Traditional Evaluation Metrics

Traditional evaluation metrics such as BLEU, ROUGE, and Perplexity are commonly used to evaluate generative AI models:

  • BLEU (Bilingual Evaluation Understudy): Measures the n-gram overlap between generated text and reference text, providing a quantitative measure of similarity.
  • ROUGE (Recall-Oriented Understudy for Gisting Evaluation): Focuses on the overlap of n-grams, particularly useful for evaluating summarization tasks.
  • Perplexity: Measures how well a probability model predicts a sample. Lower perplexity indicates better performance and greater fluency of the generated text.

While these metrics are standardized and provide a repeatable quantitative assessment, they have limitations. They often capture surface-level similarities and may not fully reflect the semantic meaning, coherence, or relevance of the generated content. Additionally, implementing these metrics requires significant preparation of reference datasets and technical expertise.

The Relicx AI Assertions Approach

This is where Relicx AI Assertions come into play with an easy to use approach that requires zero prior experience or technical knowledge. Relicx AI Assertions leverage cutting-edge large language models (LLMs) like GPT-4o and Claude 3.5 to evaluate assertions authored by users. These assertions (demonstrated later in the article) are crafted to assess the quality of chatbot responses. Relicx AI Assertions simplify the process of testing chatbot responses by validating them against various criteria, including:

  • Valid responses versus errors
  • Factual information versus misinformation
  • Appropriate versus offensive tone or language
  • Code bugs in generated code
  • Logical errors
  • Hallucinations when evaluating mathematical questions
  • Custom verification through one-shot sample

The elephant in the room is why wouldn’t Relicx Agent also hallucinate and have the same problems that the chatbots may exhibit.

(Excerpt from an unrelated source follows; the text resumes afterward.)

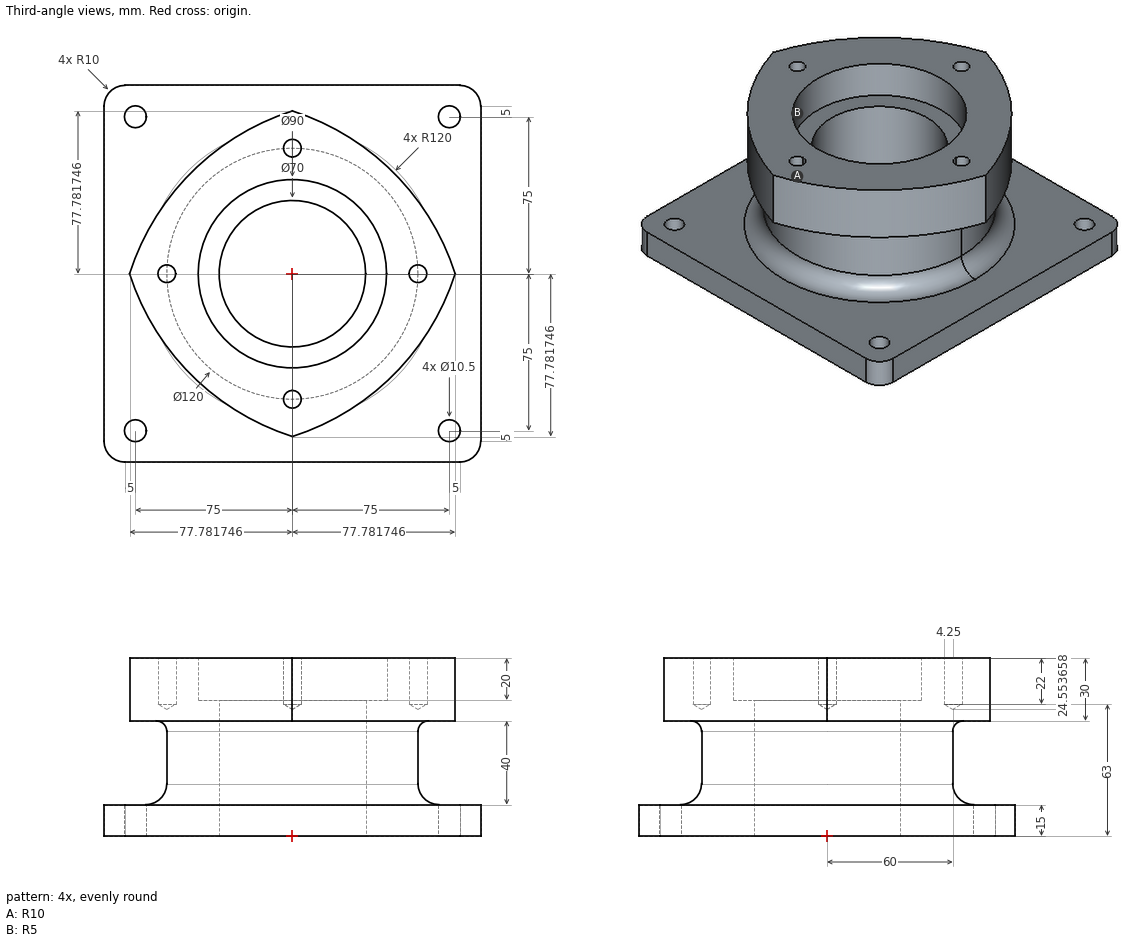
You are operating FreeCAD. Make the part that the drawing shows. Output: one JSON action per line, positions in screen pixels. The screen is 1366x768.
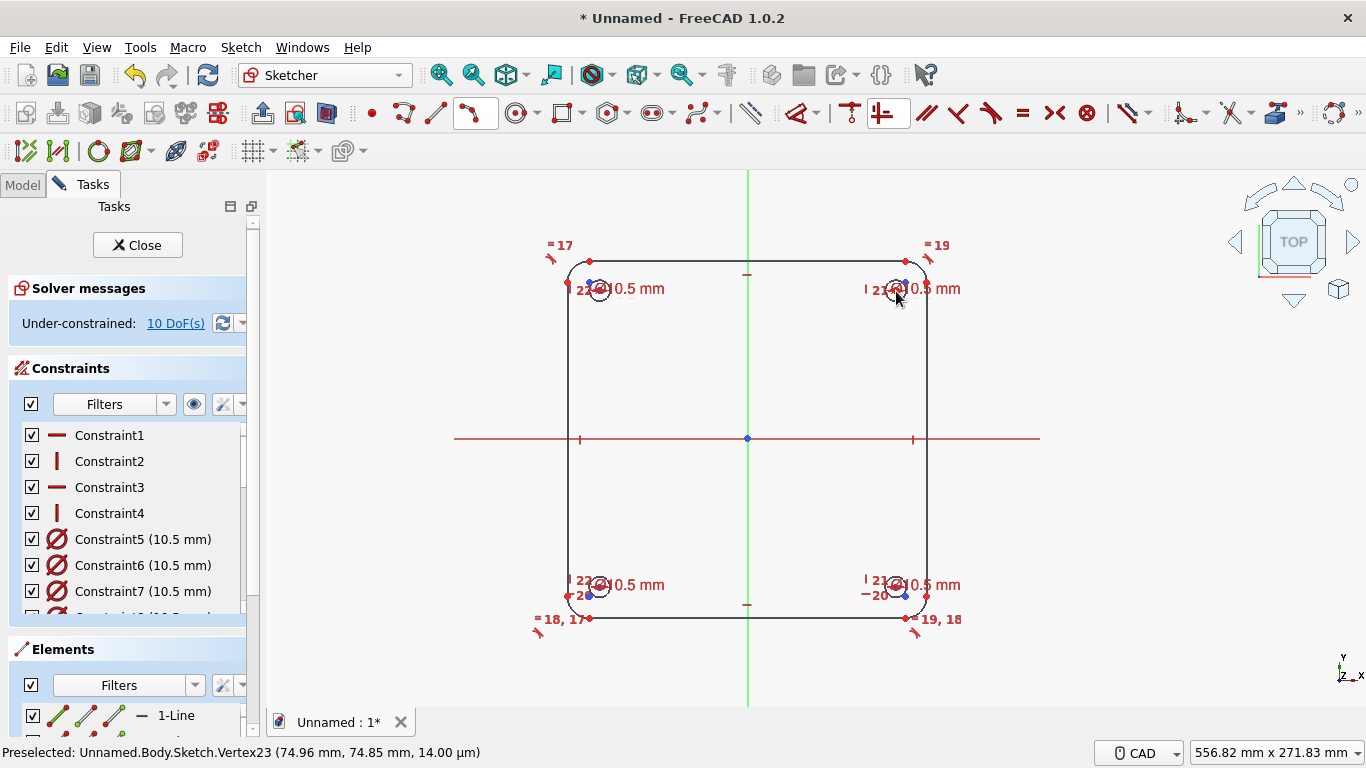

While hallucinations can never be eliminated, they can be significantly mitigated and the answer to this lies in the approach that Relicx Agent takes to mitigate the impact:

Smarter models to test smaller models: Relicx uses the smartest models cost-effectively as the testing load is a fraction of production loads. A smarter model (e.g., GPT-4o, Claude 3.5) can validate responses of smaller models more effectively, reducing the chances of hallucinations in testing itself.

Code generation to evaluate mathematical answers: One might wonder why Relicx’s LLM wouldn’t also hallucinate on a mathematical question. The answer lies in Relicx’s use of code generation and evaluation for mathematical operations. This approach enables Relicx AI Assertions to verify mathematical questions with high confidence.

Augmenting with specific content: The Relicx Agent has a memory that can be augmented with user-specific content, allowing it to validate the correctness of proprietary data unknown to general models.

Contextual Priming: Users can provide specific context through memory or one-shot examples. This minimizes the need for model to infer or assume, making the evaluation easier compared to a chatbot that first has to access relevant data through Retrieval-Augmented Generation (RAG) and then summarize. The job of testing LLMs is inherently simpler than that of the chatbot itself.

Comparison with Chain of Verification (COVe)

Relicx AI Assertions are similar to the Chain of Verification (COVe) prompt engineering technique, where a verification question is used to catch hallucinations. This technique has been demonstrated to reduce hallucinations in LLM responses (Chain-of-Verification Reduces Hallucination in Large Language Models, arXiv:2309.11495). While in COVe the LLM devises the verification question, in the case of Relicx AI Assertions, the human in the loop devises a verification assertion. This human involvement can enhance the accuracy and relevance of the verification process.

Practical Application

In this article, we explore a sample chatbot that delivers both high-quality responses and occasional errors or misinformation. For demonstration purposes, we have instrumented the chatbot to include erroneous responses to certain questions. We use Relicx AI Assertions to validate the chatbot directly through the user interface (UX). There is no need for backend API integration; all Relicx requires is access to the web application containing the chatbot.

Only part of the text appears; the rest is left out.